= Will Mortlock =

English cricketer

William Mortlock (18 July 1832 at Kennington, London – 23 January 1884 at Lambeth, London) was an English professional cricketer who played from 1851 to 1870. His brother Thomas was a umpire.

A right-handed batsman and slow underarm bowler who played for Surrey County Cricket Club, Mortlock made 191 known appearances. He represented the Players in the Gentlemen v Players series.
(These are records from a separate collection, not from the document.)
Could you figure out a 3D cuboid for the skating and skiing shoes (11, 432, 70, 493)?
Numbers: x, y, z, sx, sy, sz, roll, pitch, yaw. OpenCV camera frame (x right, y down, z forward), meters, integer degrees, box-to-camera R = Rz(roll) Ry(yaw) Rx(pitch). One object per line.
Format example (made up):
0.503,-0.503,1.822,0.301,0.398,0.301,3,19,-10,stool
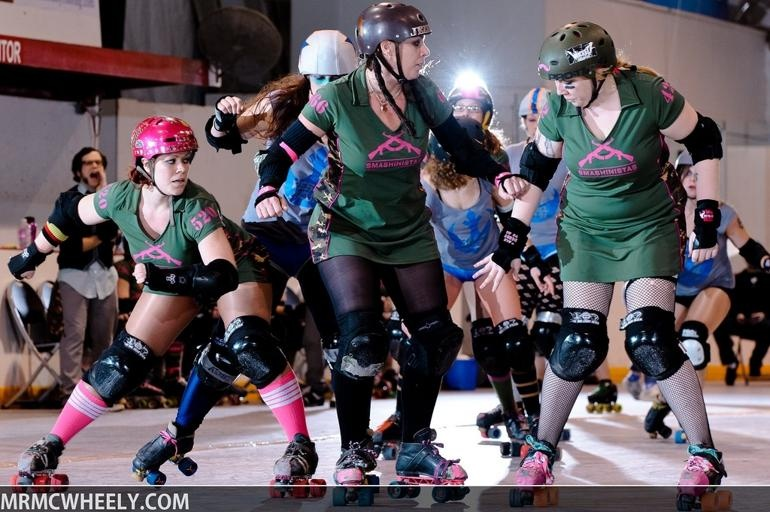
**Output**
-1.690,1.035,3.861,0.147,0.209,0.417,1,-9,3,skating and skiing shoes

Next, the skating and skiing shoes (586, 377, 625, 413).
1.958,1.244,7.079,0.309,0.286,0.176,-3,7,1,skating and skiing shoes

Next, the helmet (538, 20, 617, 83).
0.917,-0.981,3.762,0.319,0.272,0.261,2,2,-15,helmet

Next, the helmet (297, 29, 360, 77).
-0.316,-1.104,4.447,0.320,0.352,0.389,2,23,8,helmet

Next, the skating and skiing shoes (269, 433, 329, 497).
-0.431,1.054,3.946,0.194,0.268,0.388,-4,-8,16,skating and skiing shoes

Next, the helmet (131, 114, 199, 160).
-1.137,-0.579,4.090,0.362,0.299,0.287,7,14,35,helmet

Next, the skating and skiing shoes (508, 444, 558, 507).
0.692,1.016,3.683,0.210,0.268,0.173,0,-2,9,skating and skiing shoes

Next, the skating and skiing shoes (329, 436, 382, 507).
-0.145,1.021,3.759,0.210,0.272,0.269,0,-2,-4,skating and skiing shoes

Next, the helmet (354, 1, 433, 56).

Mortlock sometimes opened the innings and he scored a total of 5528 runs at an average of 18.73 with a highest score of 106. He made three career centuries. A versatile fielder, renowned as a longstop who seldom allowed a bye, he took 85 catches. He took 147 wickets with underarm bowling at 18.02 with a best analysis of 7/42 and he twice claimed ten wickets in a match. Haygarth said his lob bowling was 'rubbish'. Mortlock participated in the first cricket tour of Australia in 1861–2. The team travelled to Australia on the SS Great Britain. It was on this tour that Mortlock gained the nickname 'Old Stonewall' for his stubborn defensive batting and longstopping.

Mortlock died at his home in Acre Lane, Brixton, on 23 January 1884, after an illness that had incapacitated him for two years. He was buried at West Norwood Cemetery.